# Allen Iverson influenced Michael Vick..



## Coatesvillain

This is something I already was aware of, but it's always neat to go back over it.



> PHILADELPHIA -- Before there was Michael Vick, the elusive, quick-as-lightning quarterback for the Atlanta Falcons, there was Allen Iverson.
> 
> Both grew up in the Hampton Roads area of Virginia, and both were star quarterbacks for their high school teams - Iverson at Bethel High in Hampton and Vick at Warwick High in Newport News.
> 
> We may never know who the better quarterback is, but many contend that Iverson was just as good a football player, if not better, than Vick.
> 
> Even Vick admired the way Iverson played.
> 
> "He's the reason I play the way I play, running around the field and throwing the deep ball," Vick said. "Our style is exactly the same. [Iverson] was really good. He was somebody we always had to go see play every Friday night."
> 
> The Eagles will find out for themselves on Sunday how good Vick is when they face him in the NFC championship game at Lincoln Financial Field.
> 
> Iverson is convinced that he could have accomplished everything Vick has in the NFL, despite his size. Iverson and Vick are both 6 feet tall, but Vick, at 215 pounds, weighs 50 pounds more than Iverson.
> 
> "He might have made it in the pros, but size would have been a factor," Vick said. "He would have had to get up to around 200 pounds. But he definitely had the potential."
> 
> There's no doubt in Iverson's mind.
> 
> "Absolutely," Iverson said about whether he could have made it to the NFL. "Football has always been my favorite sport. I tell people all the time, especially my teammates who think I'm bragging, that I was a better football player than I am a basketball player. I could have played in the NFL. People who have seen me play in Virginia know that I'm not bragging.
> 
> "I think [Vick] knows, too. If he doesn't answer that correctly, then let him know I'm going to call him and cuss him out."
> 
> That call won't be necessary.
> 
> Iverson and Vick never played against each other in high school because Iverson, 29, is five years older. But Iverson did play against Aaron Brooks, Vick's second cousin, and many have said that Iverson was the better quarterback.
> 
> Brooks is the starting quarterback for the New Orleans Saints.
> 
> "There's no doubt Allen would be in the NFL, and people would be talking about him today like they're talking about Michael Vick and the other great ones," said Gary Moore, who was Iverson's first coach in youth football and is now his personal manager. "I really hate to think of what might have been if Allen had played football professionally. He'd probably be one of the first guys in the NFL who would have done everything - and by everything, I mean play quarterback, line up at wide receiver, play in the defensive backfield and return kicks.
> 
> "Allen would have the same impact that he has had on the basketball court, and then some."
> 
> As a junior at Bethel in 1992, Iverson set single-season records that Vick never broke. Vick played college football at Virginia Tech and became the first overall pick in the 2001 draft. He is the first black quarterback to go first in the NFL Draft.


LINK


----------



## Petey

Wow, he could have never gotten up to 200 lbs. Haha!

-Petey


----------



## Max Payne

He might have not needed to Petey...Iverson is the toughest guy I've ever seen in professional sports...if he went up to about 200 lbs that would have been enough...on "The Answer" DVD they have segments of his high school play and it is unbelievable...absolutely stunning.


----------



## HKF

> Originally posted by <b>Max Payne</b>!
> He might have not needed to Petey...Iverson is the toughest guy I've ever seen in professional sports...if he went up to about 200 lbs that would have been enough...on "The Answer" DVD they have segments of his high school play and it is unbelievable...absolutely stunning.

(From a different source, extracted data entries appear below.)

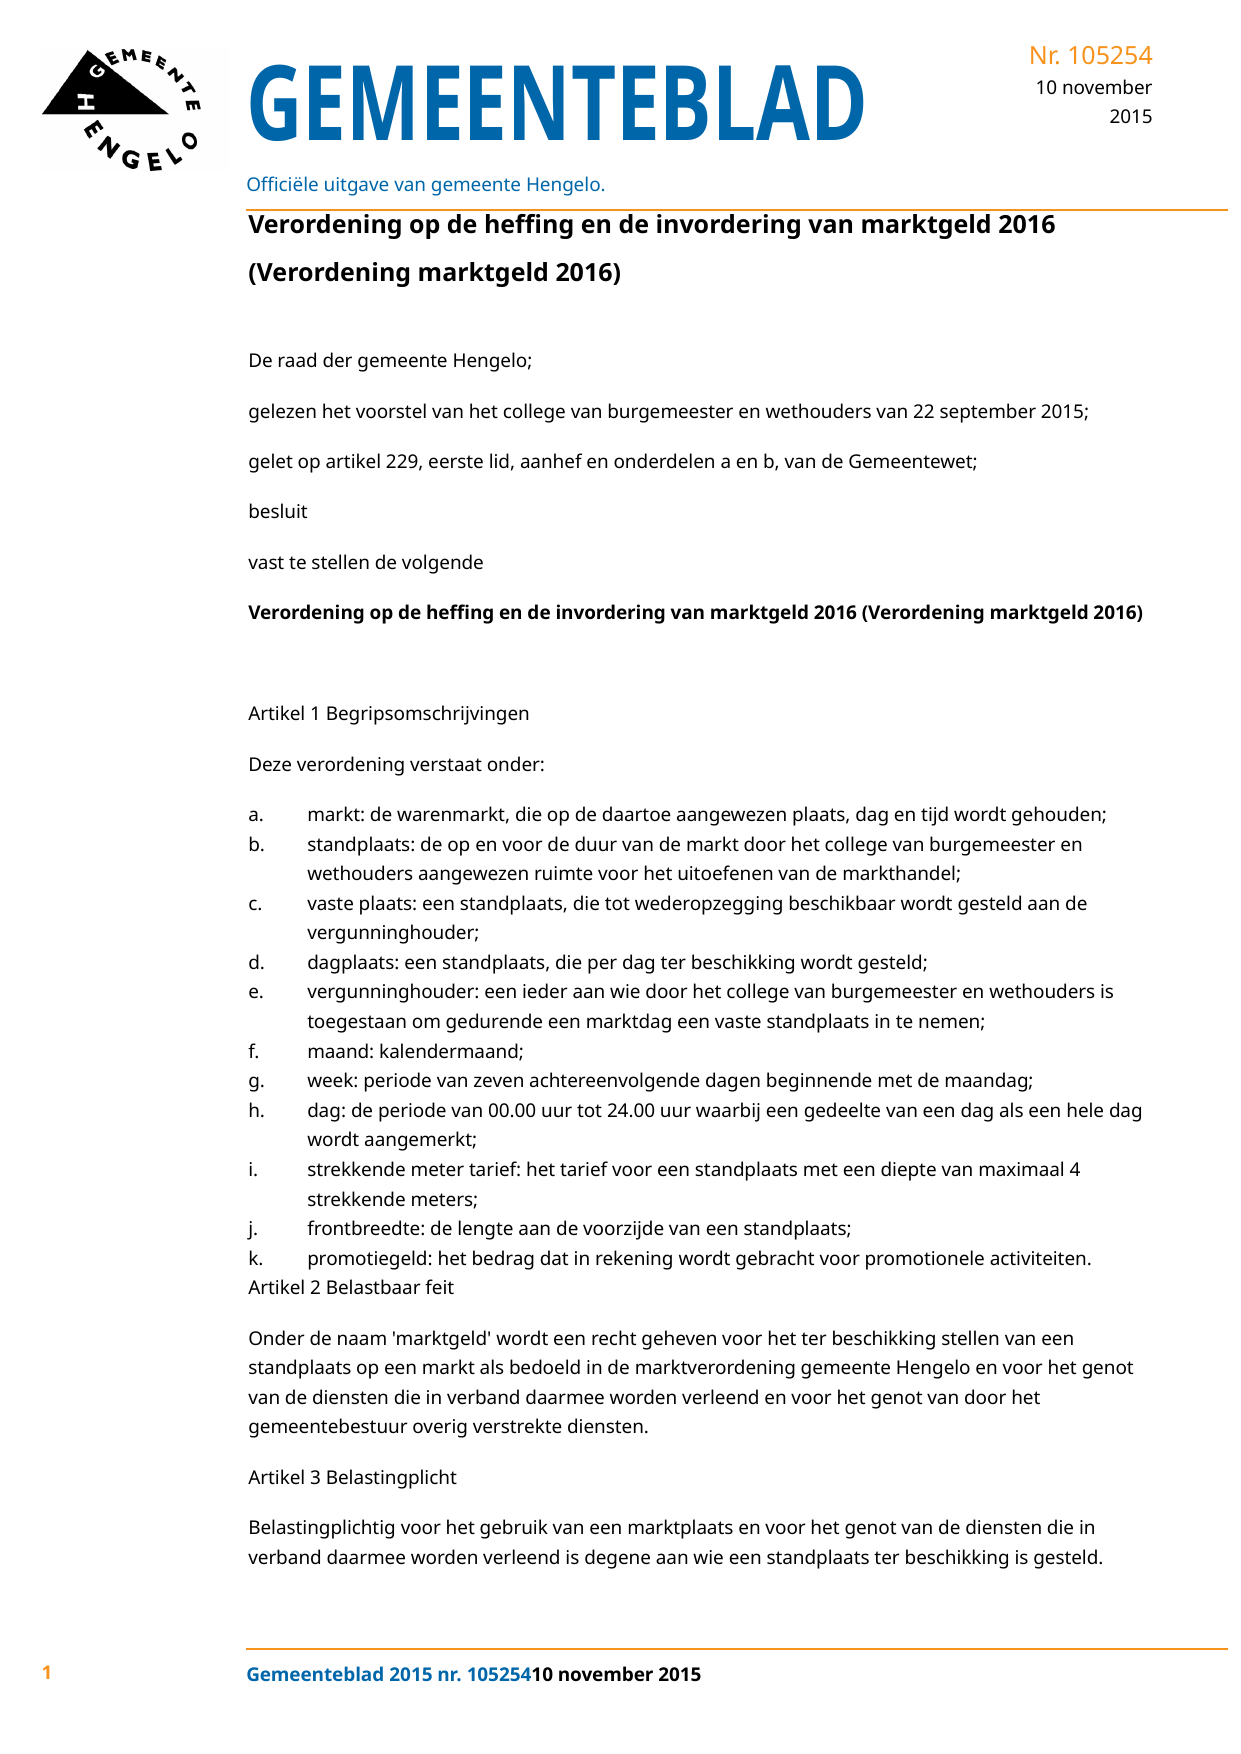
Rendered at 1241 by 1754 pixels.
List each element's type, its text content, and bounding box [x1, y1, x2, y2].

text Onder de naam 'marktgeld' wordt een recht geheven voor het ter beschikking stellen van een standplaats op een markt als bedoeld in de marktverordening gemeente Hengelo en voor het genot van de diensten die in verband daarmee worden verleend en voor het genot van door het gemeentebestuur overig verstrekte diensten. [248, 1325, 1152, 1439]
list frontbreedte: de lengte aan de voorzijde van een standplaats; [248, 1215, 1152, 1241]
text Verordening op de heffing en de invordering van marktgeld 2016 (Verordening marktgeld 2016) [248, 211, 1152, 288]
text Verordening op de heffing en de invordering van marktgeld 2016 (Verordening marktgeld 2016) [248, 599, 1152, 625]
text vast te stellen de volgende [248, 549, 1152, 575]
picture [41, 47, 231, 172]
list dag: de periode van 00.00 uur tot 24.00 uur waarbij een gedeelte van een dag als een hele dag wordt aangemerkt; [248, 1097, 1152, 1152]
text De raad der gemeente Hengelo; [248, 347, 1152, 373]
list dagplaats: een standplaats, die per dag ter beschikking wordt gesteld; [248, 949, 1152, 975]
list vaste plaats: een standplaats, die tot wederopzegging beschikbaar wordt gesteld aan de vergunninghouder; [248, 890, 1152, 945]
text gelezen het voorstel van het college van burgemeester en wethouders van 22 september 2015; [248, 398, 1152, 424]
text Artikel 1 Begripsomschrijvingen [248, 700, 1152, 726]
list markt: de warenmarkt, die op de daartoe aangewezen plaats, dag en tijd wordt gehouden; [248, 801, 1152, 827]
text Deze verordening verstaat onder: [248, 751, 1152, 777]
text Artikel 2 Belastbaar feit [248, 1274, 1152, 1300]
list maand: kalendermaand; [248, 1038, 1152, 1064]
list vergunninghouder: een ieder aan wie door het college van burgemeester en wethouders is toegestaan om gedurende een marktdag een vaste standplaats in te nemen; [248, 979, 1152, 1034]
text Artikel 3 Belastingplicht [248, 1464, 1152, 1490]
text besluit [248, 499, 1152, 524]
list standplaats: de op en voor de duur van de markt door het college van burgemeester en wethouders aangewezen ruimte voor het uitoefenen van de markthandel; [248, 831, 1152, 886]
text gelet op artikel 229, eerste lid, aanhef en onderdelen a en b, van de Gemeentewet; [248, 448, 1152, 474]
list strekkende meter tarief: het tarief voor een standplaats met een diepte van maximaal 4 strekkende meters; [248, 1156, 1152, 1212]
text Belastingplichtig voor het gebruik van een marktplaats en voor het genot van de diensten die in verband daarmee worden verleend is degene aan wie een standplaats ter beschikking is gesteld. [248, 1514, 1152, 1570]
list week: periode van zeven achtereenvolgende dagen beginnende met de maandag; [248, 1067, 1152, 1093]
list promotiegeld: het bedrag dat in rekening wordt gebracht voor promotionele activiteiten. [248, 1245, 1152, 1271]
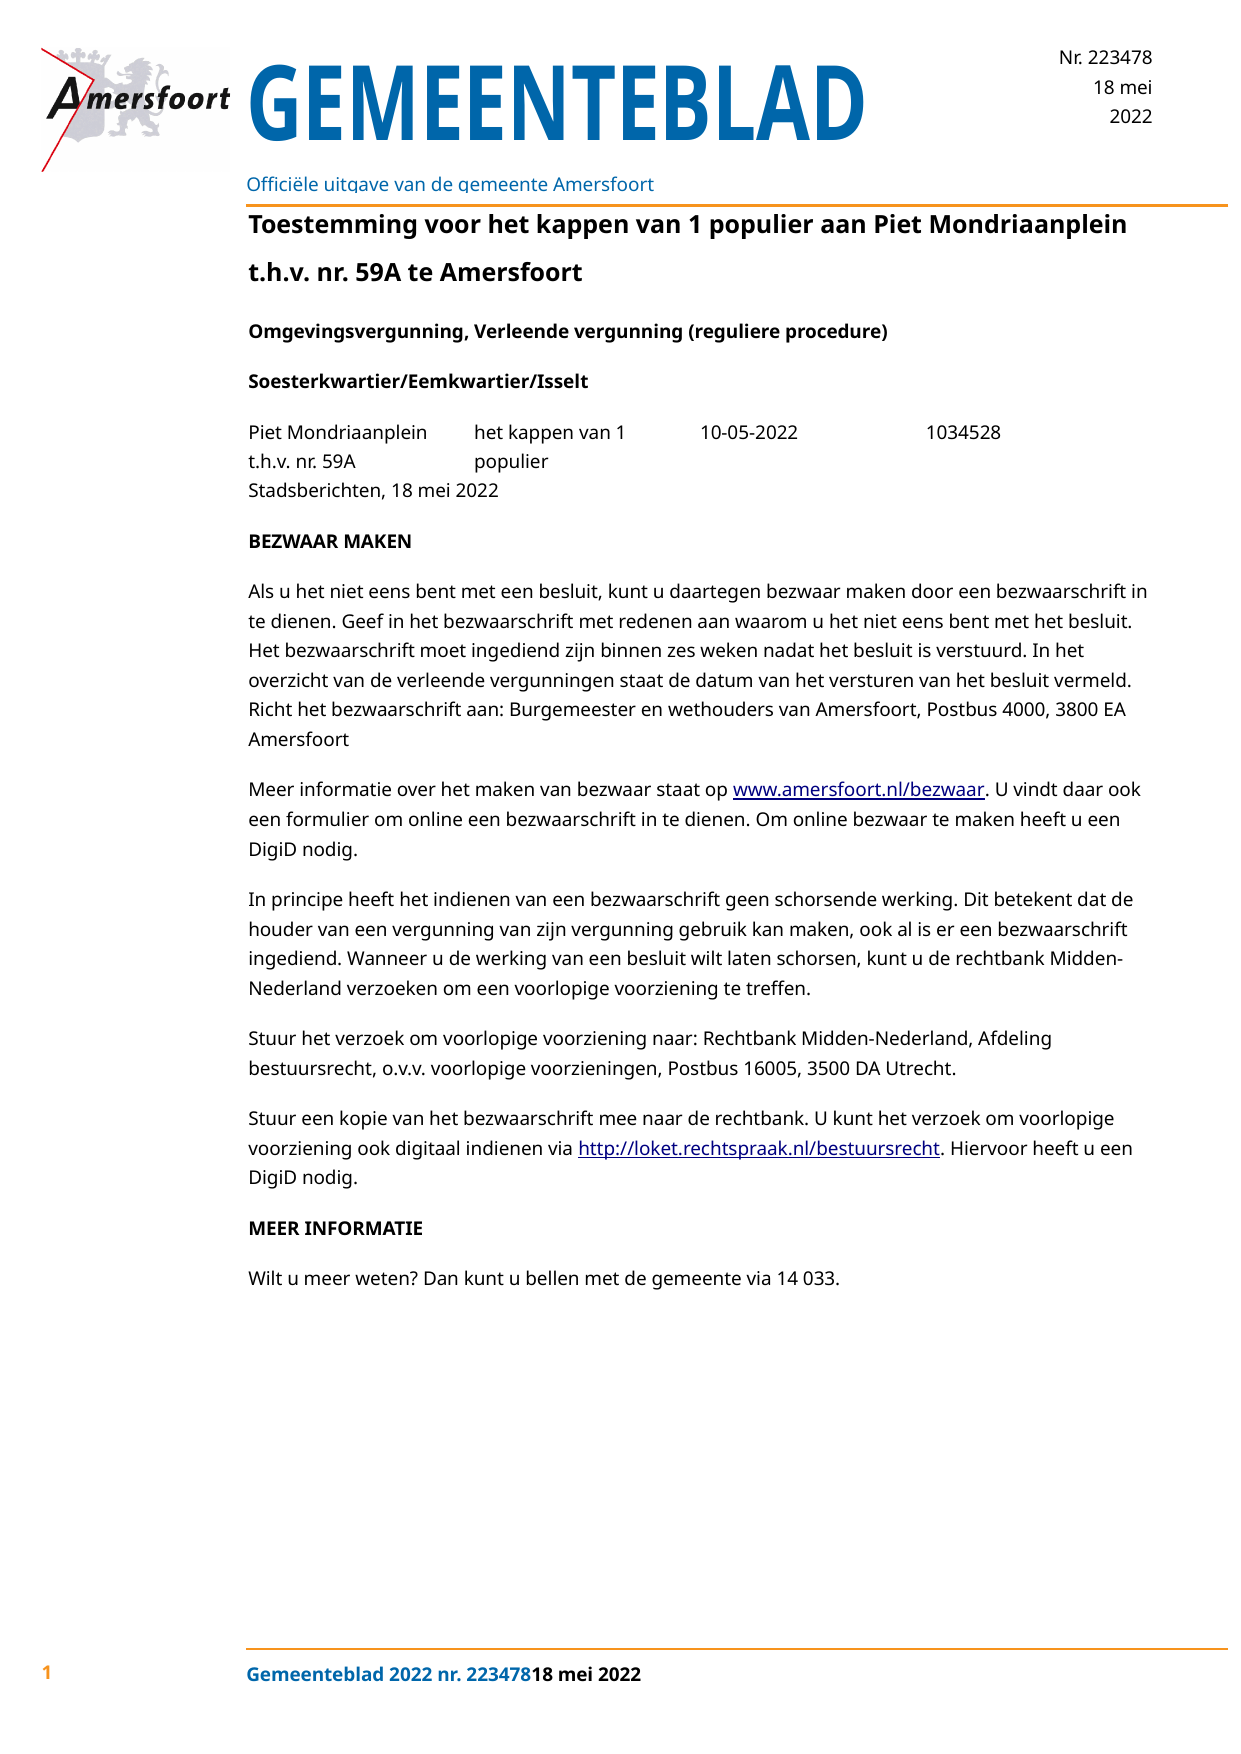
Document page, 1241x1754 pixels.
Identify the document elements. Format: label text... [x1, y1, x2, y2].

text Wilt u meer weten? Dan kunt u bellen met de gemeente via 14 033. [248, 1265, 1152, 1291]
text Soesterkwartier/Eemkwartier/Isselt [248, 368, 1152, 394]
text Stuur het verzoek om voorlopige voorziening naar: Rechtbank Midden-Nederland, Afdeling bestuursrecht, o.v.v. voorlopige voorzieningen, Postbus 16005, 3500 DA Utrecht. [248, 1025, 1152, 1081]
text Meer informatie over het maken van bezwaar staat op www.amersfoort.nl/bezwaar. U vindt daar ook een formulier om online een bezwaarschrift in te dienen. Om online bezwaar te maken heeft u een DigiD nodig. [248, 777, 1152, 861]
picture [41, 47, 231, 172]
text Stadsberichten, 18 mei 2022 [248, 477, 1152, 503]
text In principe heeft het indienen van een bezwaarschrift geen schorsende werking. Dit betekent dat de houder van een vergunning van zijn vergunning gebruik kan maken, ook al is er een bezwaarschrift ingediend. Wanneer u de werking van een besluit wilt laten schorsen, kunt u de rechtbank Midden-Nederland verzoeken om een voorlopige voorziening te treffen. [248, 886, 1152, 1001]
table_header 10-05-2022 [700, 419, 926, 474]
text Stuur een kopie van het bezwaarschrift mee naar de rechtbank. U kunt het verzoek om voorlopige voorziening ook digitaal indienen via http://loket.rechtspraak.nl/bestuursrecht. Hiervoor heeft u een DigiD nodig. [248, 1105, 1152, 1190]
text Als u het niet eens bent met een besluit, kunt u daartegen bezwaar maken door een bezwaarschrift in te dienen. Geef in het bezwaarschrift met redenen aan waarom u het niet eens bent met het besluit. Het bezwaarschrift moet ingediend zijn binnen zes weken nadat het besluit is verstuurd. In het overzicht van de verleende vergunningen staat de datum van het versturen van het besluit vermeld. Richt het bezwaarschrift aan: Burgemeester en wethouders van Amersfoort, Postbus 4000, 3800 EA Amersfoort [248, 578, 1152, 752]
text MEER INFORMATIE [248, 1215, 1152, 1241]
text Omgevingsvergunning, Verleende vergunning (reguliere procedure) [248, 318, 1152, 344]
table_header 1034528 [926, 419, 1152, 474]
text BEZWAAR MAKEN [248, 528, 1152, 553]
table_header Piet Mondriaanplein t.h.v. nr. 59A [248, 419, 474, 474]
table_header het kappen van 1 populier [474, 419, 700, 474]
text Toestemming voor het kappen van 1 populier aan Piet Mondriaanplein t.h.v. nr. 59A te Amersfoort [248, 207, 1152, 288]

No he would have been killed in the NFL as less than 200 lbs. I know we like to equate how tough he is on the basketball court, but guys in basketball aren't going out there trying to hurt you. In football, it's the opposite. 

Iverson chose wisely IMO.


----------



## Coatesvillain

> Originally posted by <b>Max Payne</b>!
> He might have not needed to Petey...Iverson is the toughest guy I've ever seen in professional sports...if he went up to about 200 lbs that would have been enough...on "The Answer" DVD they have segments of his high school play and it is unbelievable...absolutely stunning.


I saw an NFL Films piece on the Newport News QBs (Allen Iverson, Aaron Brooks, Ronald Curry, Michael Vick), I'd recommend anyone to watch it if they have a chance. It's not the best NFL Films piece, but it's good.

I think Iverson playing basketball was best for him, even if it was against his will. If he played football he'd be utilized like Antwaan Randle-El or if he insisted that he play QB in the NFL he'd be like Senecca Wallace (though more talented). It was a different NFL back in 1997 (when Iverson would've been eligible for draft) and he most likely would've been forced out of his position.


----------



## Max Payne

True but I also believe Iverson has the athletic gifts and the pure sporting talent to have been an awesome running back and punt returner....hell I'm a soccer addict and I'll be the first person to say that he may well have been a jaw-dropping soccer player as well...


----------